We tested this by terminating a node, creating a new one, and re-connecting the disk to the new node. We did this within the hinted handoff window. When the new node re-joined the ring it was operational without having to run a repair. Since the new node had a different IP address we did need to adjust some configuration and remove the old node from the cluster, but the data did not need to be streamed.

Disk Performance Under Load Scenario

For this test we created a three node cluster and generated load that approached the limit of the disk throughput . During the test we captured CF Histogram data as well as low level disk latency data.
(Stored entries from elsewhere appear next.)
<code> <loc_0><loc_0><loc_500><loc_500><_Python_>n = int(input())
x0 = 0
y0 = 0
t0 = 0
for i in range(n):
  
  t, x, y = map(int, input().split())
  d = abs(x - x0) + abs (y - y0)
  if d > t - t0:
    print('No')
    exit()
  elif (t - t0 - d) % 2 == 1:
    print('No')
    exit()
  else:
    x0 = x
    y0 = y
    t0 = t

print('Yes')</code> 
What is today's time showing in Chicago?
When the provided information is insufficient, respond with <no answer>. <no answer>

We were very interested to see how consistent the latency would be on Persistent Disks. Our tests showed good distribution of latency during the tests as long as our load did not exceed the throughput threshold (which varies in GCE by the size of your disk). 90% of the times were less than 8ms. The key to consistent latency in GCE will be sizing your cluster so that each node stays within the throughput limits.

Test Details

100 node dual zone tests

Persistent Disk and GCE Instance settings

  • 100 instances split between two Zones: us-central2-a and us-central2-b
  • Machine type: n1-standard-2 (2 vCPU, 7.5 GB memory)
  • O/S image: debian-7-wheezy-v20131014
  • Persistent disk: 2000Gb

DSE / Cassandra settings

  • 2 data centers (50 nodes each)
  • 256 Vnodes
  • GossipingPropertyFileSnitch

In this scenario we used cassandra-stress to generate 50 million unique records and insert those into the 100 node cluster. Our cluster is configured with two data centers (each in a separate GCE zone) so the column families, each configured with RF=3, will get replicatedacross the two data centers.

./bin/nodetool status | grep UN | awk '{print $2}' > /tmp/nodelist

./resources/cassandra/tools/bin/cassandra-stress -K 100 -t 50
-R org.apache.cassandra.locator.NetworkTopologyStrategy
--num-keys=50000000 --columns=20 -D /tmp/nodelist -O DC1:3,DC2:3

CF Histogram output after stress-write

Graph generated from the output of:


./bin/nodetool cfhistogram “Keyspace1” “Standard1”



3 node, 1 test client stress write tests

Persistent Disk and Instance settings

  • 3 nodes
  • Machine type: n1-standard-8 (8 vCPU, 30 GB memory)
  • O/S image: debian-7-wheezy-v20131014
  • Persistent disk: 3000Gb

DSE / Cassandra settings

  • 256 Vnodes
  • DseSimpleSnitch
  • concurrent_writes: 64 (2x default)
  • commitlog_total_space_in_mb: 4096 (4x default)
  • memtable_flush_writers: 4 (4x default)
  • trickle_fsync: true

In this scenario we use one node and a replication factor of three to generate large quantities of write I/O. We generated 10 million records simultaneously on one node using the cassandra-stress utility that comes with DataStax Enterprise. The test client was running from one of the same nodes that were also serving DSE. This probably limits the absolute performance but was convenient and served well enough to fully load the Persistent Disks.

In this test there is only one data center and we are using RF=3 on the Cassandra Keyspace. This approach will put a copy of each row of data on each of the three nodes.

[Run on only one node]
./bin/nodetool status | grep UN | awk '{print $2}' > /tmp/nodelist
./resources/cassandra/tools/bin/cassandra-stress -D /tmp/nodelist --replication-factor 3 --consistency-level quorum --num-keys 10000000 -K 100 -t 100 --columns=50 --operation=INSERT

This graph shows write operations per second, the number of writes per second completed by the ring.


This graph shows median latency, a figure of merit indicating how much time it takes to satisfy a write request (in milliseconds).


CF Histogram output after stress-write

First a graph generated from the output of:

./bin/nodetool cfhistograms “Keyspace1″ “Standard1″


Second, a graph generated from the Google PD backend:




1. For those into details we’ve run the client at a 60 inserts/sec/node rate (6,000 records per second for the cluster).